Modern operating systems implement protection around tasks, but allow the threads within a task to share the same resources and enjoy the reduced cost of interaction -- even if it means a greater risk of damage to one thread by another.

For the curious, threads were originally born as an abstraction for concurrency within the operating system kernel, and then mimiced at the user level using libraries. Only relatively recently have operating systems implemented the task abstraction and provided kernel-level support for user-level tasks composed of multiple threads of control.

I'm going to tell a slightly different story in the context of this class, Distributed Systems. For our purposes, let's not worry about precisely defining threads and processes. Instead, let's instead discuss tasks.

Today, I am going to tell you that a task is the environment in which a thread executes. What do I mean by this? A task is the collection of resources required to perform work on behalf of a user. It consists of everything that is actually required by the logic, all of the resources. For example, a task is composed of open files, open network sockets, memory objects, and registers.

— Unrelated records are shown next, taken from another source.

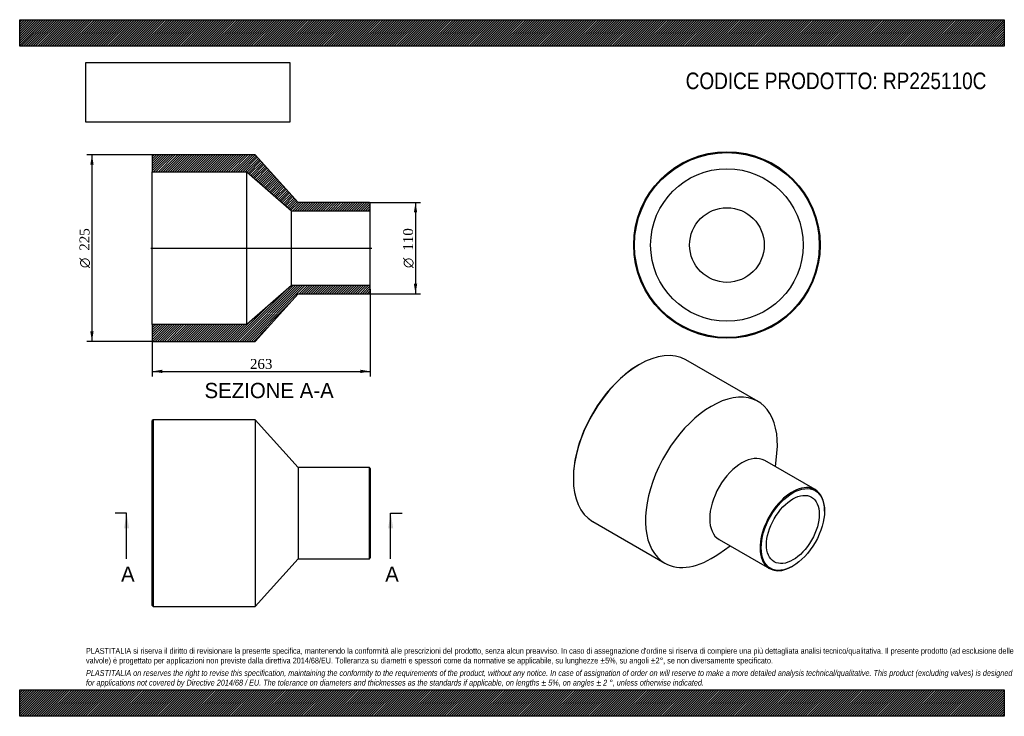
# Model space of a CAD drawing. Header units: millimetres. Extents: x 0 to 1188, y 0 to 840.
import ezdxf
from ezdxf.enums import TextEntityAlignment as Align
from ezdxf.lldxf.tags import DXFTag

# ---------------------------------------------------------------- set-up
doc = ezdxf.new("R2010")
doc.units = ezdxf.units.MM
doc.header["$LTSCALE"] = 4
for name, color, linetype in [('Default', 7, 'Continuous'), ('DV4_Default', 7, 'Continuous'), ('RP225110C', 7, 'Continuous')]:
    doc.layers.add(name, color=color, linetype=linetype)
doc.styles.add('SEACAD_Solid_Edge_ANSI', font='seans.ttf')
doc.styles.add('SEACAD_Solid_Edge_ANSI1_Symbols', font='semeca1.ttf')
doc.styles.add('SEACAD_Times_New_Roman', font='times.ttf')
tags = doc.linetypes.add('CENTER2', pattern=[28.575, 19.05, -3.175, 3.175, -3.175]).pattern_tags.tags
tags[10:11] = [DXFTag(74, 4), DXFTag(75, 0), DXFTag(340, '0'), DXFTag(46, 0.0), DXFTag(50, 0.0), DXFTag(44, 0.0), DXFTag(45, 0.0)]
tags[8:9] = [DXFTag(74, 4), DXFTag(75, 0), DXFTag(340, '0'), DXFTag(46, 0.0), DXFTag(50, 0.0), DXFTag(44, 0.0), DXFTag(45, 0.0)]
tags[6:7] = [DXFTag(74, 4), DXFTag(75, 0), DXFTag(340, '0'), DXFTag(46, 0.0), DXFTag(50, 0.0), DXFTag(44, 0.0), DXFTag(45, 0.0)]
tags[4:5] = [DXFTag(74, 4), DXFTag(75, 0), DXFTag(340, '0'), DXFTag(46, 0.0), DXFTag(50, 0.0), DXFTag(44, 0.0), DXFTag(45, 0.0)]
doc.dimstyles.new('ANSImm', dxfattribs={"dimtxt": 12, "dimasz": 12, "dimexe": 6, "dimexo": 0, "dimgap": 3, "dimtad": 1, "dimdsep": 46, "dimtxsty": 'SEACAD_Times_New_Roman', "dimblk1": '_SE_FILLED', "dimblk2": '_SE_FILLED', "dimsah": 1, "dimcen": 6, "dimazin": 0, "dimtfac": 0.85, "dimtdec": 3, "dimtofl": 0, "dimtmove": 0, "dimatfit": 3, "dimfxl": 1, "dimarcsym": 0})
picture_1 = doc.add_image_def('image1.jpg', size_in_pixel=(4302, 1260))

# ---------------------------------------------------------------- blocks, each defined once
blk = doc.blocks.new('SE')
at = {"layer": 'RP225110C', "color": 7, "linetype": 'Continuous'}
for p, q in [((161, 357.5), (160, 356.5)), ((160, 133.5), (160, 356.5)), ((161, 357.5), (161, 132.5)), ((284, 357.5), (161, 357.5)), ((284, 357.5), (284, 132.5)), ((336, 300), (284, 357.5)), ((336, 300), (336, 190)), ((422, 300), (336, 300)), ((422, 190), (422, 300)), ((423, 299), (422, 300)), ((423, 299), (423, 191)), ((422, 190), (423, 191)), ((284, 132.5), (336, 190)), ((336, 190), (422, 190)), ((160, 133.5), (161, 132.5)), ((161, 132.5), (284, 132.5))]:
    blk.add_line(p, q, dxfattribs=at)
blk = doc.blocks.new('SE1')
at = {"layer": 'RP225110C', "color": 7, "linetype": 'Continuous'}
for p, q in [((890.9, 379.5), (803.9, 429.7)), ((747.6, 424.1), (746.9, 423.7)), ((912.1, 300.8), (913.6, 317.4)), ((959.7, 273.3), (898.9, 308.5)), ((668.1, 287.2), (668.1, 286.3)), ((971.1, 247.3), (971.1, 248.2)), ((691.4, 234.8), (778.4, 184.6)), ((843.5, 195.9), (857.1, 205.5)), ((843.9, 213.2), (904.7, 178.1)), ((932.2, 180.8), (932.9, 181.2))]:
    blk.add_line(p, q, dxfattribs=at)
for centre, major_axis, start_param, end_param in [((747.6, 332.3), (-56.3, -97.4), 3.141593, 6.283185), ((746.9, 332.7), (55.8, 96.6), 0.785398, 2.356195), ((834.6, 282.1), (-56.3, -97.4), 2.24389, 6.283185), ((871.4, 260.8), (-27.5, -47.6), 3.141593, 6.283185), ((932.2, 225.7), (27.5, 47.6), 0, 3.926991), ((932.2, 225.7), (27.5, 47.6), 5.497787, 6.283185), ((834.6, 282.1), (-56.3, -97.4), 0, 0.897703)]:
    blk.add_ellipse(centre, major_axis=major_axis, ratio=0.57735, start_param=start_param, end_param=end_param, dxfattribs=at)
for major_axis in [(-27, -46.8), (-22.5, -39)]:
    blk.add_ellipse((932.9, 225.3), major_axis=major_axis, ratio=0.57735, dxfattribs=at)
blk = doc.blocks.new('SE2')
at = {"layer": 'RP225110C', "color": 7, "linetype": 'Continuous'}
for radius in [112.5, 111.5, 92, 45]:
    blk.add_circle((853.3, 568.3), radius, dxfattribs=at)
blk = doc.blocks.new('SE4')
at = {"color": 7, "linetype": 'Continuous', "style": 'SEACAD_Solid_Edge_ANSI'}
blk.add_text('A', height=18.4, dxfattribs=at).set_placement((122.3, 180.6), align=Align.TOP_LEFT)
blk = doc.blocks.new('SE5')
at = {"color": 7, "linetype": 'Continuous', "style": 'SEACAD_Solid_Edge_ANSI'}
blk.add_text('A', height=18.4, dxfattribs=at).set_placement((441, 180.6), align=Align.TOP_LEFT)
blk = doc.blocks.new('SEANNOT_GROUP')
at = {"linetype": 'Continuous'}
blk.add_hatch(color=7, dxfattribs=at).paths.add_polyline_path([(132, 226.6), (129, 245), (125.9, 226.6)])
at = {"color": 7, "linetype": 'Continuous'}
blk.add_lwpolyline([(129, 189.8), (129, 245)], dxfattribs=at)
blk = doc.blocks.new('SEANNOT_GROUP1')
at = {"linetype": 'Continuous'}
blk.add_hatch(color=7, dxfattribs=at).paths.add_polyline_path([(450.7, 226.6), (447.6, 245), (444.5, 226.6)])
at = {"color": 7, "linetype": 'Continuous'}
blk.add_lwpolyline([(447.6, 189.8), (447.6, 245)], dxfattribs=at)
blk = doc.blocks.new('SE3')
at = {"layer": 'Default', "color": 7, "linetype": 'CENTER2'}
for p, q in [((129, 245), (115.2, 245)), ((447.6, 245), (461.4, 245))]:
    blk.add_line(p, q, dxfattribs=at)
at = {"layer": 'Default', "color": 7, "linetype": 'CENTER2', "const_width": 0.0001}
blk.add_lwpolyline([(129, 245), (447.6, 245)], dxfattribs=at)
at = {"layer": 'Default'}
for name in ['SEANNOT_GROUP', 'SEANNOT_GROUP1', 'SE4', 'SE5']:
    blk.add_blockref(name, (0, 0), dxfattribs=at)
blk = doc.blocks.new('SE6')
at = {"layer": 'RP225110C', "linetype": 'Continuous'}
h = blk.add_hatch(dxfattribs=at)
h.set_pattern_fill('LINE', scale=0.62992, angle=45, style=0)
h.paths.add_polyline_path([(336, 619.6), (284, 677.1), (161, 677.1), (160, 676.1), (160, 656.6), (274, 656.6), (328, 609.6), (423, 609.6), (423, 618.6), (422, 619.6)])
h = blk.add_hatch(dxfattribs=at)
h.set_pattern_fill('LINE', scale=0.62992, angle=45, style=0)
h.paths.add_polyline_path([(284, 452.1), (336, 509.6), (422, 509.6), (423, 510.6), (423, 519.6), (328, 519.6), (274, 472.6), (160, 472.6), (160, 453.1), (161, 452.1)])
at = {"layer": 'DV4_Default', "color": 7, "linetype": 'CENTER2'}
blk.add_line((158.2, 564.6), (424.7, 564.6), dxfattribs=at)
at = {"layer": 'RP225110C', "color": 7, "linetype": 'Continuous'}
for p, q in [((160, 676.1), (161, 677.1)), ((160, 676.1), (160, 656.6)), ((284, 677.1), (161, 677.1)), ((336, 619.6), (284, 677.1)), ((160, 472.6), (160, 656.6)), ((160, 656.6), (274, 656.6)), ((274, 472.6), (274, 656.6)), ((274, 656.6), (328, 609.6)), ((422, 619.6), (336, 619.6)), ((422, 619.6), (423, 618.6)), ((423, 609.6), (423, 618.6)), ((328, 519.6), (328, 609.6)), ((328, 609.6), (423, 609.6)), ((423, 519.6), (423, 609.6)), ((328, 519.6), (274, 472.6)), ((423, 519.6), (328, 519.6)), ((423, 510.6), (423, 519.6)), ((284, 452.1), (336, 509.6)), ((336, 509.6), (422, 509.6)), ((423, 510.6), (422, 509.6)), ((274, 472.6), (160, 472.6)), ((160, 472.6), (160, 453.1)), ((161, 452.1), (160, 453.1)), ((161, 452.1), (284, 452.1))]:
    blk.add_line(p, q, dxfattribs=at)
blk = doc.blocks.new('GDimGGroup')
at = {"layer": 'Default', "linetype": 'Continuous'}
for points in [[(479.6, 607.6), (477.6, 619.6), (475.6, 607.6)], [(479.6, 521.6), (475.6, 521.6), (477.6, 509.6)]]:
    blk.add_hatch(color=7, dxfattribs=at).paths.add_polyline_path(points)
at = {"layer": 'Default', "color": 7, "linetype": 'Continuous'}
for p, q in [((422, 619.6), (483.6, 619.6)), ((477.6, 619.6), (477.6, 509.6)), ((422, 509.6), (483.6, 509.6))]:
    blk.add_line(p, q, dxfattribs=at)
for s, style, p in [('110', 'SEACAD_Times_New_Roman', (462.6, 561.4)), ('O', 'SEACAD_Solid_Edge_ANSI1_Symbols', (462.6, 540.5))]:
    blk.add_text(s, height=12, rotation=90, dxfattribs=dict(at, style=style)).set_placement(p, align=Align.TOP_LEFT)
blk = doc.blocks.new('DMBLK211')
at = {"layer": 'Default', "linetype": 'Continuous'}
for points in [[(172, 413.9), (172, 417.9), (160, 415.9)], [(411, 413.9), (423, 415.9), (411, 417.9)]]:
    blk.add_hatch(color=7, dxfattribs=at).paths.add_polyline_path(points)
at = {"layer": 'Default', "color": 7, "linetype": 'Continuous'}
for p, q in [((423, 515.1), (423, 409.9)), ((160, 462.9), (160, 409.9)), ((160, 415.9), (423, 415.9))]:
    blk.add_line(p, q, dxfattribs=at)
at = {"layer": 'Default', "color": 7, "linetype": 'Continuous', "style": 'SEACAD_Times_New_Roman'}
blk.add_text('263', height=12, dxfattribs=at).set_placement((277.8, 430.9), align=Align.TOP_LEFT)
blk = doc.blocks.new('_SE_FILLED')
at = {"color": 0}
blk.add_line((0, 0), (-1, 0), dxfattribs=at)
blk.add_solid([(0, 0), (-1, -0.1665), (-1, 0.1665), (0, 0)], dxfattribs=at)
blk = doc.blocks.new('GDimGGroup1')
at = {"layer": 'Default', "linetype": 'Continuous'}
for points in [[(85.2, 665.1), (89.2, 665.1), (87.2, 677.1)], [(85.2, 464.1), (87.2, 452.1), (89.2, 464.1)]]:
    blk.add_hatch(color=7, dxfattribs=at).paths.add_polyline_path(points)
at = {"layer": 'Default', "color": 7, "linetype": 'Continuous'}
for p, q in [((161, 677.1), (81.2, 677.1)), ((87.2, 677.1), (87.2, 452.1)), ((161, 452.1), (81.2, 452.1))]:
    blk.add_line(p, q, dxfattribs=at)
for s, style, p in [('225', 'SEACAD_Times_New_Roman', (72.2, 561.4)), ('O', 'SEACAD_Solid_Edge_ANSI1_Symbols', (72.2, 540.5))]:
    blk.add_text(s, height=12, rotation=90, dxfattribs=dict(at, style=style)).set_placement(p, align=Align.TOP_LEFT)

msp = doc.modelspace()

# ---------------------------------------------------------------- hatches: boundary and pattern name
at = {"layer": 'Default', "linetype": 'Continuous'}
h = msp.add_hatch(dxfattribs=at)
h.set_pattern_fill('LINE', scale=0.629921, angle=45, style=0)
h.paths.add_polyline_path([(1188, 808), (1188, 840), (0, 840), (0, 808)])
for points in [[(1188, 808), (1188, 840), (0, 840), (0, 808)], [(1188, 0), (1188, 32), (0, 32), (0, 0)]]:
    msp.add_hatch(color=7, dxfattribs=at).paths.add_polyline_path(points)
h = msp.add_hatch(dxfattribs=at)
h.set_pattern_fill('LINE', scale=0.629921, angle=45, style=0)
h.paths.add_polyline_path([(1188, 0), (1188, 32), (0, 32), (0, 0)])

# ---------------------------------------------------------------- linework, layer by layer
at = {"layer": 'Default', "color": 7, "linetype": 'Continuous'}
for p, q in [((0, 840), (1188, 840)), ((0, 808), (0, 840)), ((1188, 840), (1188, 808)), ((1188, 808), (0, 808)), ((0, 32), (1188, 32)), ((0, 0), (0, 32)), ((1188, 32), (1188, 0)), ((1188, 0), (0, 0))]:
    msp.add_line(p, q, dxfattribs=at)

# ---------------------------------------------------------------- block references
at = {"layer": 'Default'}
for name in ['SE2', 'GDimGGroup1', 'SE6', 'GDimGGroup', 'SE1', 'SE', 'SE3']:
    msp.add_blockref(name, (0, 0), dxfattribs=at)

# ---------------------------------------------------------------- texts
at = {"layer": 'Default', "color": 7, "linetype": 'Continuous', "style": 'SEACAD_Solid_Edge_ANSI'}
msp.add_text('SEZIONE A-A', height=18.4, dxfattribs=at).set_placement((223.019, 402.06), align=Align.TOP_LEFT)
at = {"layer": 'Default', "attachment_point": 1}
for s, insert, char_height, width in [('{\\fArial Narrow|b0||i0||c0|p34;\\C7;\\H20.;\\W1.;CODICE PRODOTTO: RP225110C}', (803.555, 776.254), 20, 364.05913), ("{\\fArial Narrow|b0||i0||c0|p34;\\C7;\\H7.;\\W1.;PLASTITALIA si riserva il diritto di revisionare la presente specifica, mantenendo la conformità alle prescrizioni del prodotto, senza alcun preavviso. In caso di assegnazione d'ordine si riserva di compiere una più dettagliata analisi tecnico/qualitativa. Il presente prodotto (ad esclusione delle \\P}{\\fArial Narrow|b0||i0||c0|p34;\\C7;\\H7.;\\W1.;valvole) è progettato per applicazioni non previste dalla direttiva 2014/68/EU. Tolleranza su diametri e spessori come da normative se applicabile, su lunghezze ±5%, su angoli ±2°, se non diversamente specificato.\\P}{\\fArial Narrow|b0||i0||c0|p34;\\C7;\\H2.;\\W1.;   \\P}{\\fArial Narrow|b0||i1||c0|p34;\\C7;\\H7.;\\W1.;PLASTITALIA on reserves the right to revise this specification, maintaining the conformity to the requirements of the product, without any notice. In case of assignation of order on will reserve to make a more detailed analysis technical/qualitative. This product (excluding valves) is designed \\P}{\\fArial Narrow|b0||i1||c0|p34;\\C7;\\H7.;\\W1.;for applications not covered by Directive 2014/68 / EU. The tolerance on diameters and thicknesses as the standards if applicable, on lengths ± 5%, on angles ± 2 °, unless otherwise indicated.\\P}", (80, 82.409), 7, 1028)]:
    msp.add_mtext(s, dxfattribs=dict(at, insert=insert, char_height=char_height, width=width))

# ---------------------------------------------------------------- dimensions: what is measured, and where the dimension line sits
at = {"layer": 'Default', "color": 7, "linetype": 'Continuous'}
dim = msp.add_linear_dim(base=(422.976, 415.889), p1=(159.976, 462.86), p2=(422.976, 515.11), text='\\A1;<>', dimstyle='ANSImm', dxfattribs=at)
dim.commit()
dim.dimension.update_dxf_attribs({"geometry": 'DMBLK211', "text_midpoint": (291.476, 415.889), "dimtype": 160})

# ---------------------------------------------------------------- pictures from other files: only their frames are drawn
image = msp.add_image(picture_1, insert=(80, 716.413), size_in_units=(245.829, 72))
image.dxf.flags = 7

doc.saveas('drawing.dxf')

A thread is the logic behind the user's work and is influenced by and manipulates the resources within the task. So, a task might contain a single thread of control, or many threads of control. We'll call tasks composed of a single thread of control processes.

Processor Allocation and Process Migration in Distributed Systems

Our discssion is going to involve picking a processor to run a process and moving that process from one processor to another when appropriate. Processor allocation involves deciding which processor should be assigned to a newly created process, and as a consequence, which system should initially host the process.

In our discussion of process migration, we will discuss the costs of associated with moving a process, how to decide that a process should be migrated, how to select a new host for a process, and how to make the resources originally located at one host available at another host.

Although these algorithms will be discussed in the context of processes, task with only one thread, they apply almost unaltered to tasks containing multiple threads. The reason for this is that the interaction of the multiple threads with each other and the environment almost certainly implies that the entire task, including all of its threads, should be migrated whole -- just like a single-thread process. Unlike multiprocessor computers, it only very rarely makes sense to dispatch different threads to different processors, or to migrate some threads but not others. In distributed systems, the cost of sharing resources on different hosts is usually far too high to allow for this level of independence.